The size of the line we will draw depends on the FOV of the camera. It will be the width of the FOV at distance d from the camera.

In [8]:
# Camera parameters from our implementation
theta = 100 # Degrees
alpha = 10 # Degrees
height = 1.8 # In meters
distance = 1.5 # In meters
h_FOV = 4 # In meters

# Yaw rotation matrix
rot_yaw = np.zeros((4,4))
rot_yaw[0,0] = 1
rot_yaw[3,3] = 1
rot_yaw[1,1] = np.cos(theta)
rot_yaw[2,2] = np.cos(theta)
rot_yaw[2,1] = np.sin(theta)
rot_yaw[1,2] = -np.sin(theta)

# Pitch rotation matrix
rot_pitch = np.zeros((4,4))
rot_pitch[1,1] = 1
rot_pitch[3,3] = 1
rot_pitch[0,0] = np.cos(theta)
rot_pitch[2,2] = np.cos(theta)
rot_pitch[0,2] = np.sin(theta)
rot_pitch[2,0] = -np.sin(theta)

# Translation matrix
translate = np.zeros((4,4))
for i in range(3):
    translate[i,i] = 1
translate[0,3] = distance
translate[1,3] = 0
translate[2,3] = height

# Original line (defined by connecting the points of the two extrema)
p1 = np.array([-h_FOV, 0, 0, 1])
p2 = np.array([h_FOV, 0, 0, 1])

t_p1 = rot_yaw @ translate @ rot_pitch @ p1
t_p2 = rot_yaw @ translate @ rot_pitch @ p2

# Translate real life dimensions to the image
v_img = result.shape[0]
h_img = result.shape[1]
proportion = h_img/h_FOV # How many pixels per meter
t_p1 = t_p1 * proportion
t_p2 = t_p2 * proportion

# To have values relative to the camera origin again, we need to translate the points
origin_translation = np.array([int(h_img/2), 0, int(v_img/2) , 0])
t_p1 += origin_translation
t_p2 += origin_translation

# Round the vectors to their nearest integer
t_p1 = t_p1.astype('int32')
t_p2 = t_p2.astype('int32')

final = cv.line(np.copy(result), (t_p1[0],t_p1[2]), (t_p2[0],t_p2[2]), (0,0,255), 2)

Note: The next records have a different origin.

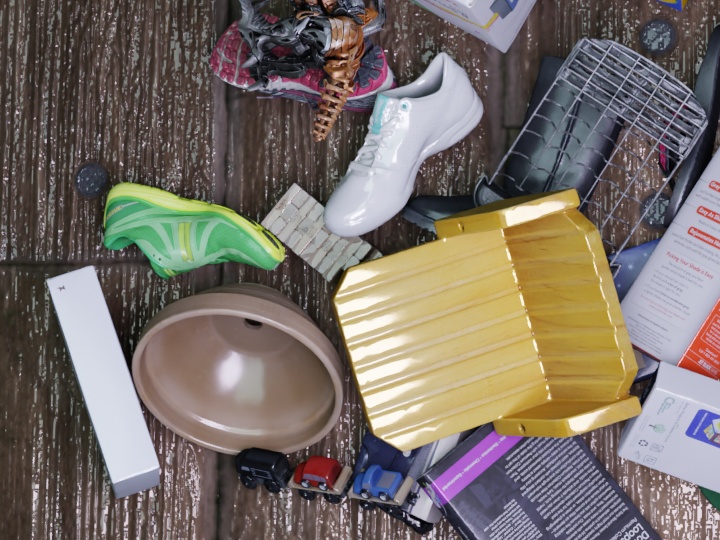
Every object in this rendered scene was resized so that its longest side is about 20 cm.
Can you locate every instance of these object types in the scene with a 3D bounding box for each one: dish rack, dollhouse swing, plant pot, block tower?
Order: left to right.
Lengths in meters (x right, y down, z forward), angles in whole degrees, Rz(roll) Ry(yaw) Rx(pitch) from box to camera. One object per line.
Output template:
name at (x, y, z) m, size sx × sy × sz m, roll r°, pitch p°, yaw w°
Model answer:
plant pot at (-0.109, 0.077, 1.655) m, size 0.200 × 0.201 × 0.093 m, roll -1°, pitch 44°, yaw 12°
block tower at (0.000, 0.000, 1.682) m, size 0.200 × 0.058 × 0.054 m, roll 40°, pitch 93°, yaw 12°
dollhouse swing at (0.101, 0.054, 1.498) m, size 0.175 × 0.182 × 0.201 m, roll -18°, pitch 95°, yaw -26°
dish rack at (0.209, -0.101, 1.576) m, size 0.153 × 0.055 × 0.200 m, roll 34°, pitch 100°, yaw 5°

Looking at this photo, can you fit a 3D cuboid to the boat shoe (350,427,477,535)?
boat shoe at (0.060, 0.138, 1.644) m, size 0.092 × 0.075 × 0.201 m, roll 23°, pitch 89°, yaw 20°

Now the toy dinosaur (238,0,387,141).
toy dinosaur at (-0.042, -0.219, 1.624) m, size 0.135 × 0.102 × 0.200 m, roll -3°, pitch 43°, yaw 3°

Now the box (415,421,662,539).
box at (0.166, 0.222, 1.587) m, size 0.143 × 0.036 × 0.200 m, roll -37°, pitch 85°, yaw -21°

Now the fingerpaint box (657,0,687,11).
fingerpaint box at (0.218, -0.327, 1.609) m, size 0.199 × 0.167 × 0.074 m, roll 26°, pitch 88°, yaw 13°

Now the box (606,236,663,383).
box at (0.287, 0.031, 1.626) m, size 0.199 × 0.032 × 0.122 m, roll -20°, pitch 80°, yaw 11°

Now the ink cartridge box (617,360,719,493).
ink cartridge box at (0.330, 0.152, 1.496) m, size 0.199 × 0.100 × 0.039 m, roll 21°, pitch 45°, yaw 2°

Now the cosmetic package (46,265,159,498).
cosmetic package at (-0.243, 0.110, 1.672) m, size 0.051 × 0.151 × 0.201 m, roll -18°, pitch 81°, yaw -8°

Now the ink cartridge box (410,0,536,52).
ink cartridge box at (0.079, -0.288, 1.619) m, size 0.145 × 0.200 × 0.088 m, roll 31°, pitch 91°, yaw 13°

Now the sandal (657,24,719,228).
sandal at (0.303, -0.131, 1.623) m, size 0.045 × 0.075 × 0.201 m, roll 11°, pitch 79°, yaw 20°

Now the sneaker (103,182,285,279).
sneaker at (-0.163, -0.027, 1.714) m, size 0.199 × 0.074 × 0.084 m, roll 15°, pitch 85°, yaw 23°

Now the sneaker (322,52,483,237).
sneaker at (0.027, -0.123, 1.644) m, size 0.075 × 0.089 × 0.200 m, roll 27°, pitch 68°, yaw 42°

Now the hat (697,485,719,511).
hat at (0.397, 0.111, 1.588) m, size 0.165 × 0.200 × 0.176 m, roll 23°, pitch 45°, yaw -5°

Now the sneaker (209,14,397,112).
sneaker at (-0.059, -0.191, 1.709) m, size 0.199 × 0.075 × 0.081 m, roll 17°, pitch 73°, yaw 27°

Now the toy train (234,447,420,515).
toy train at (-0.034, 0.192, 1.630) m, size 0.199 × 0.046 × 0.034 m, roll 6°, pitch 44°, yaw 32°

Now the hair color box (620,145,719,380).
hair color box at (0.315, -0.004, 1.553) m, size 0.200 × 0.061 × 0.101 m, roll -58°, pitch 38°, yaw 2°

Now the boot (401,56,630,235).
boot at (0.149, -0.109, 1.652) m, size 0.164 × 0.066 × 0.201 m, roll 22°, pitch 93°, yaw 4°
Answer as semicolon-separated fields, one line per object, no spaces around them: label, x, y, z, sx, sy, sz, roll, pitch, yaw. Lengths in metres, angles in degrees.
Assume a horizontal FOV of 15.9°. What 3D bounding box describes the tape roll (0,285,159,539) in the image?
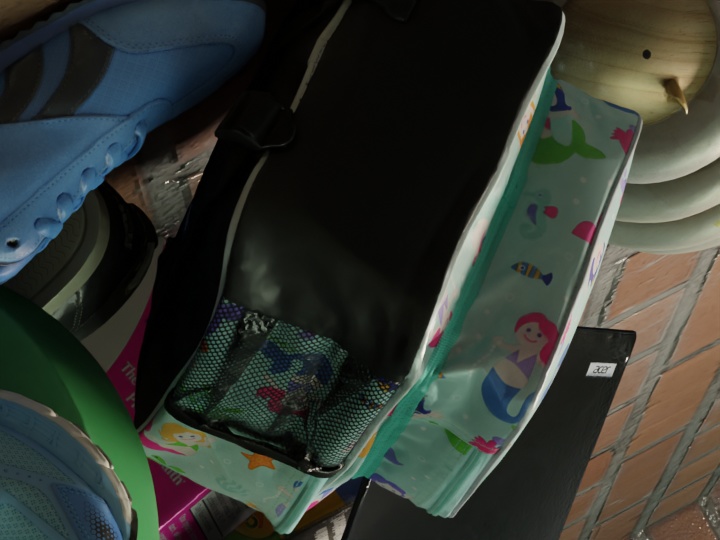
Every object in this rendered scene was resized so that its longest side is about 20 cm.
tape roll;-0.169;0.095;0.882;0.200;0.201;0.048;-32;166;12

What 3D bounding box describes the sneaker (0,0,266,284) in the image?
sneaker;-0.109;-0.030;0.819;0.200;0.079;0.066;-25;164;-21

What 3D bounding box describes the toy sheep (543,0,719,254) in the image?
toy sheep;0.120;-0.068;1.031;0.138;0.138;0.200;-32;162;13

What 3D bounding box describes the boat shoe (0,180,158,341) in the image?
boat shoe;-0.162;0.034;0.948;0.200;0.072;0.068;-35;165;12

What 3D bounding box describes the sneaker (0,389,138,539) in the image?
sneaker;-0.165;0.068;0.801;0.090;0.199;0.079;-31;141;-69

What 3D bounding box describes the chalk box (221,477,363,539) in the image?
chalk box;-0.043;0.074;1.218;0.199;0.124;0.125;-26;167;-6

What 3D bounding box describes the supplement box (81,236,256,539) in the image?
supplement box;-0.125;0.095;1.097;0.200;0.101;0.103;-40;166;-10

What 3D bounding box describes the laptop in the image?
laptop;0.003;0.095;1.117;0.199;0.104;0.177;-17;167;33

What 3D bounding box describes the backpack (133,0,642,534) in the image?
backpack;0.000;0.000;0.913;0.200;0.150;0.178;-49;-167;54
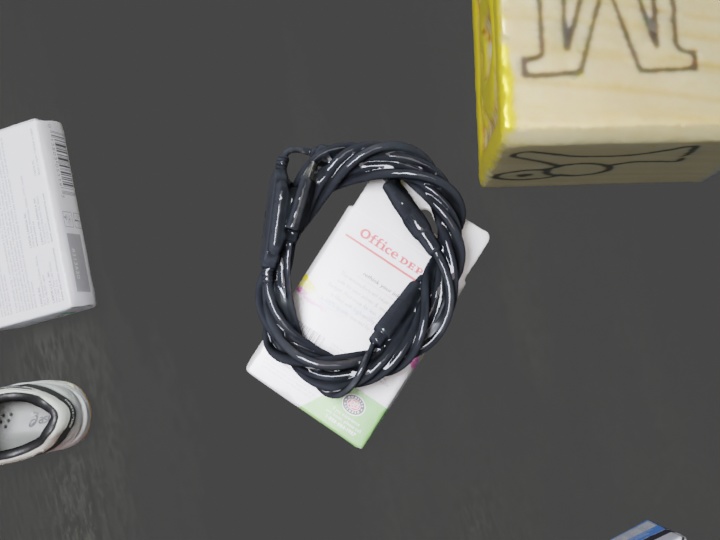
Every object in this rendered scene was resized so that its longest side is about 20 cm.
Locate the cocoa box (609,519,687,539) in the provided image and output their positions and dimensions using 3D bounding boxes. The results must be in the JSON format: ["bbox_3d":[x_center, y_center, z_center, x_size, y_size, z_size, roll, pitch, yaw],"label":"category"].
[{"bbox_3d":[0.227,0.315,0.923,0.132,0.131,0.202,-27,85,-1],"label":"cocoa box"}]

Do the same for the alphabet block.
[{"bbox_3d":[0.194,-0.177,0.943,0.197,0.195,0.199,-1,83,0],"label":"alphabet block"}]

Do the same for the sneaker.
[{"bbox_3d":[-0.323,0.127,0.974,0.198,0.088,0.077,-14,86,1],"label":"sneaker"}]

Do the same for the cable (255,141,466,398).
[{"bbox_3d":[0.000,0.000,0.937,0.161,0.051,0.203,6,81,-2],"label":"cable"}]

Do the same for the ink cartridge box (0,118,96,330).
[{"bbox_3d":[-0.332,-0.025,1.020,0.198,0.050,0.163,-14,84,18],"label":"ink cartridge box"}]

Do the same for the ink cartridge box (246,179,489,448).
[{"bbox_3d":[0.008,0.029,0.987,0.117,0.067,0.201,33,87,5],"label":"ink cartridge box"}]

## Plot result of line transformation

In [9]:
imshow.show(final, fmt='png') # Display image

## Find intersection between bounding box and line and take inverse trasnformation
To draw the bounding box we needed the top left and right bottom corners. So, to obtain the line that crosses the dock line, we need the bottom line of the bounding box. We also know this line is horizontal and therefore has no slope, so we only need to get its bias to have the line equation. With this line and the blue one, we solve a small system of linear equations in order to get their intersection. As the y-coordinate is constant for the red line, we just need to figure out the x-coordinate.

In [11]:
# Red line
red_bias = y - height
y_red = red_bias

# Blue line
blue_slope = (t_p2[2] - t_p1[2])/float(t_p2[0] - t_p1[0])
blue_bias = t_p1[2] - blue_slope*t_p1[0] #y = a*x + b <=> b = y - a*x

# Solution : a*x + b = y_red <=> a*x = y_red - b <=> x = (y_red - b)/a (becuase we know a to be != 0)
t_x = (y_red - blue_bias)/float(blue_slope)

# Transform it into a compatible format
t_x = np.array([t_x, 0, y_red, 1])

# Transform the solution back to the camera referential by finding best approximation of Ax = b
A = rot_yaw @ translate @ rot_pitch
b = t_x

# Calculating terms for normal equations
A_t_A = A.T @ A
A_t_b = A.T @ b

# Use LU to solve for normal equations
lu, piv = la.lu_factor(A_t_A)
x = la.lu_solve((lu, piv), A_t_b)

# Go back from pixel metrics to meters
x = x/proportion

# Display the result
print(x)

[-0.93012326 -0.59128738  2.40968795 -0.33333333]


## Conclusions
We want to focus on the first coordinate, which is the x-coordinate. The final answer represents the position of the train relative to the position of the camera (which was the initial referential). We can see it is negative as expected and that the calculations show the train stops ~1 meter before the position of the camera. This doesn't seem very accurate (as the train seems at least 2m before the camera), but that is simply due to the fact that we didn't have any precise measurements, so by taking that into account, I would say the results we got are pretty impressive.